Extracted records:
--- START ---

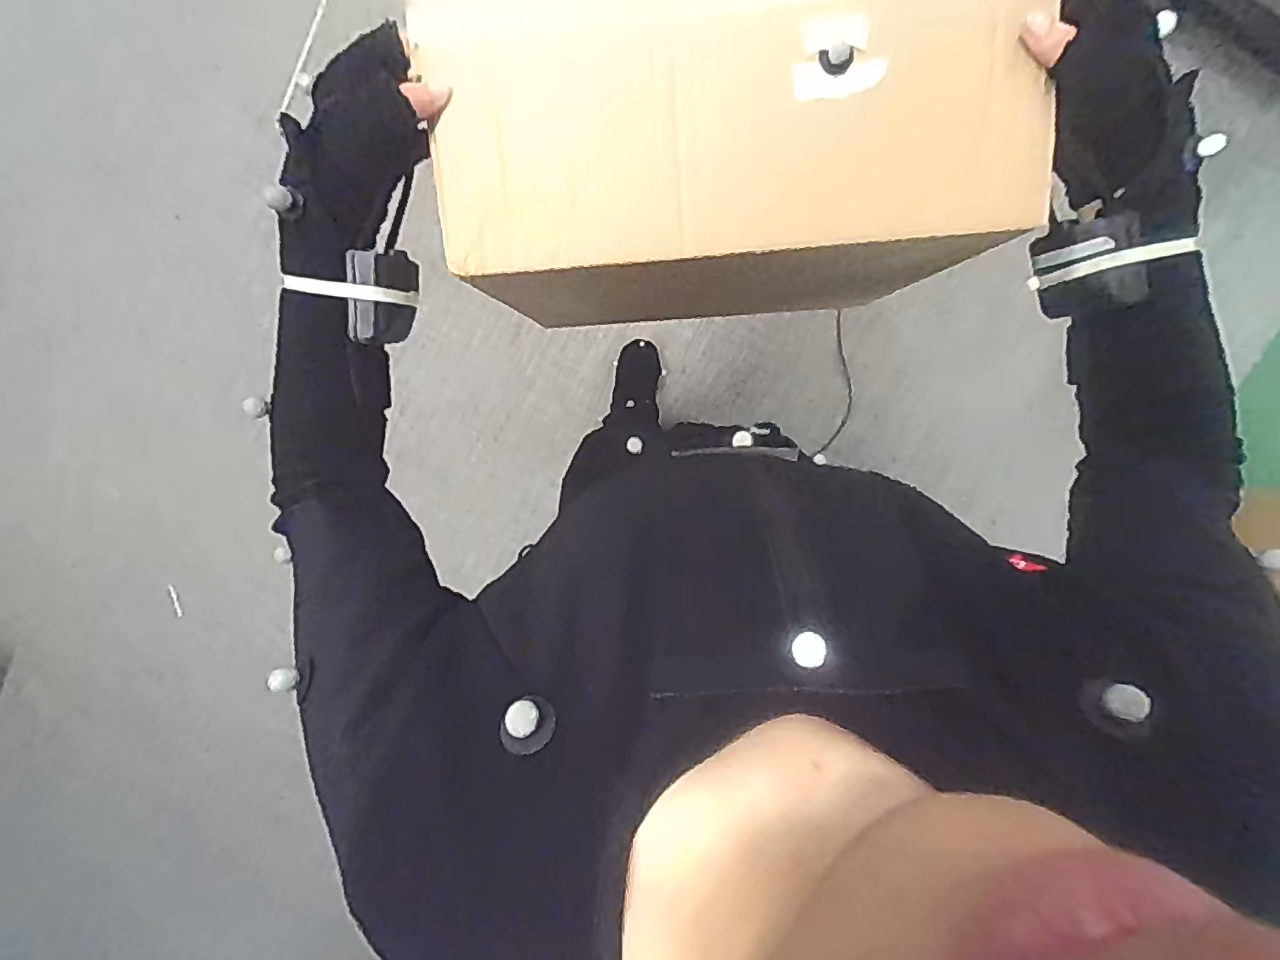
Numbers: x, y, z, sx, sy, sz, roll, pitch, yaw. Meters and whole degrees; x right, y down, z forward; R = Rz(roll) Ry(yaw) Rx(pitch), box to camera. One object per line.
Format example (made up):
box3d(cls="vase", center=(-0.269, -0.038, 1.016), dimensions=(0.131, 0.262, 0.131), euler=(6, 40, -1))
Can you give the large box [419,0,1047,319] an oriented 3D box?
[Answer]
box3d(cls="large box", center=(0.056, -0.339, 0.488), dimensions=(0.408, 0.320, 0.320), euler=(-4, 100, 2))

--- END ---

Take the lines from the first line of the entries through the line with "Can you give", inclusive, and give them again exactly, minus any pictures.

Numbers: x, y, z, sx, sy, sz, roll, pitch, yaw. Meters and whole degrees; x right, y down, z forward; R = Rz(roll) Ry(yaw) Rx(pitch), box to camera. One object per line.
Format example (made up):
box3d(cls="vase", center=(-0.269, -0.038, 1.016), dimensions=(0.131, 0.262, 0.131), euler=(6, 40, -1))
Can you give the large box [419,0,1047,319] an oriented 3D box?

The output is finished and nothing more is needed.